117 km/h *1000 m/km / 3600 s/h = 32.5 m/s
Train 1
x = 32.5 t -.5 *.2* t^2
x = 32.5 t - .1 t^2
Train 2
x = 1200 + .5 a (t-10)^2
when do they hit?
32.5t-.1t^2=1200+.5a(t^2-20t+100)
32.5t-.1t^2=1200+ .5at^2-10 at +50 a
(.5a+.1)t^2 -(32.5+10a)t +(50a+1200)= 0
when does t become unreal?
when b^2-4ac = 0
(32.5+10a)^2 -4(.5a+.1)(50a+1200) = 0
1056.25+650a+100a^2-100a^2-2420a-480 = 0
-1770a + 576.25 = 0
a = .326 m/s^2
check my arithmetic !
A train has a velocity of 117 km/ h and discover another train standing stil 1200 meters away.

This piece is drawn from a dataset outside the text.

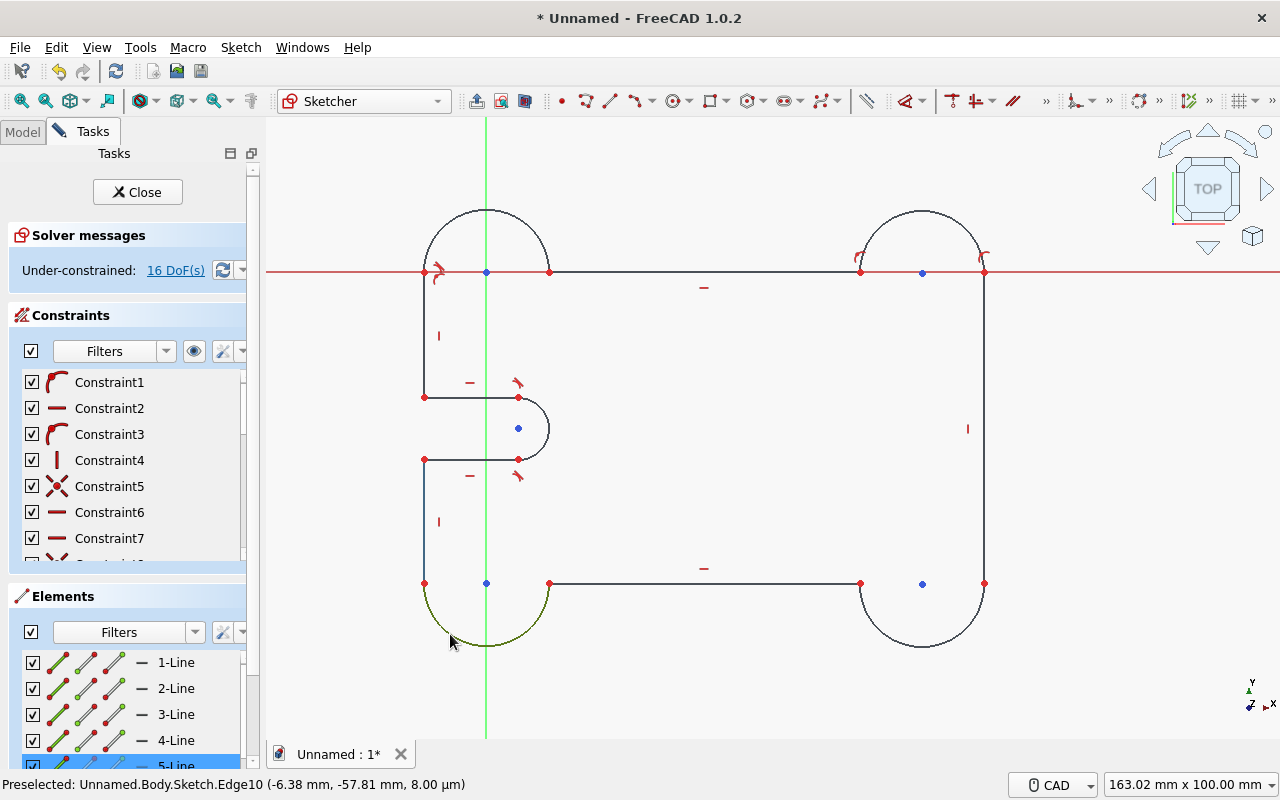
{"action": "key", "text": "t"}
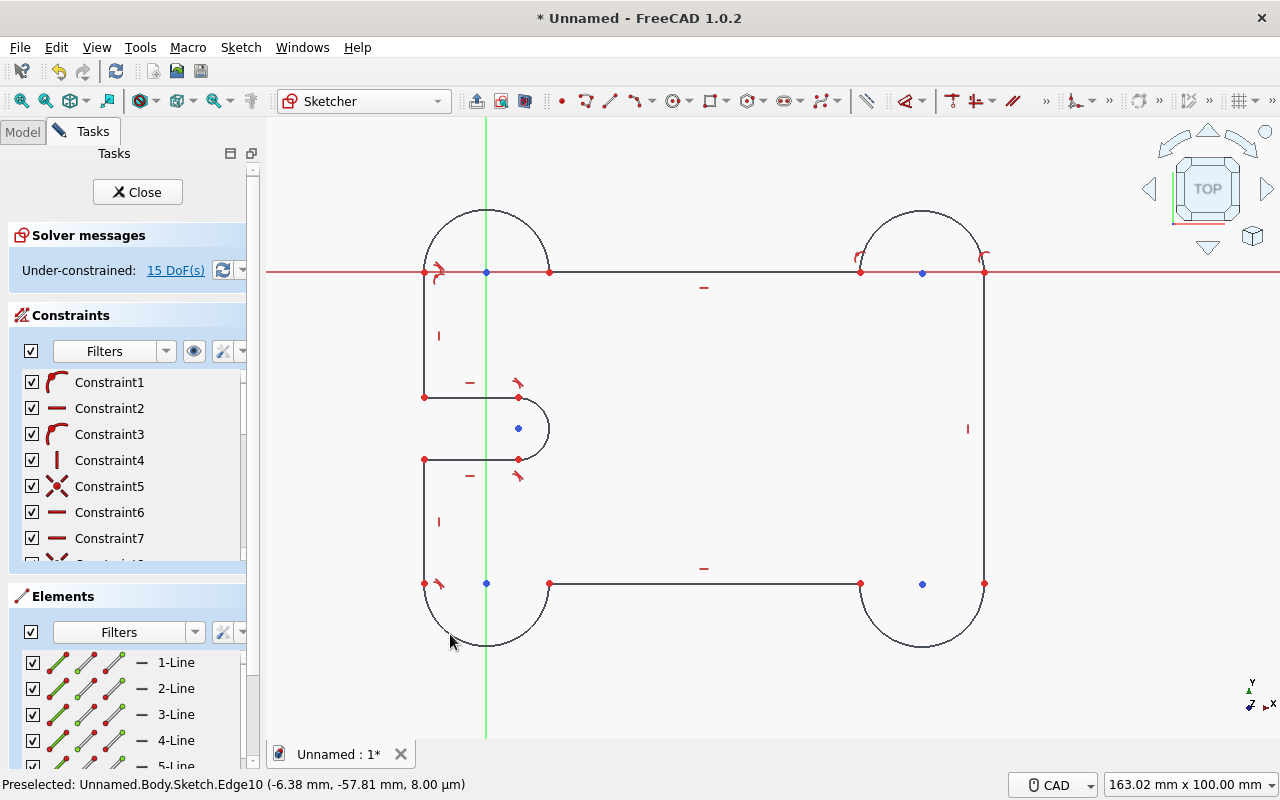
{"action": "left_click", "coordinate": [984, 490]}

The train starts immediately to brake. After 10 seconds the other train finally starts to move away from the first train. The acceleration is equable of both trains. The first trains acceleration is -0.2 m/ s2. What must be the lowest acceleration of the second train if a collision will be avoided?
2 answers
Why does the t become unreal when b^2-4ac = 0? I am trying to do this with pq-form to understand, haven't used the quadratic formula.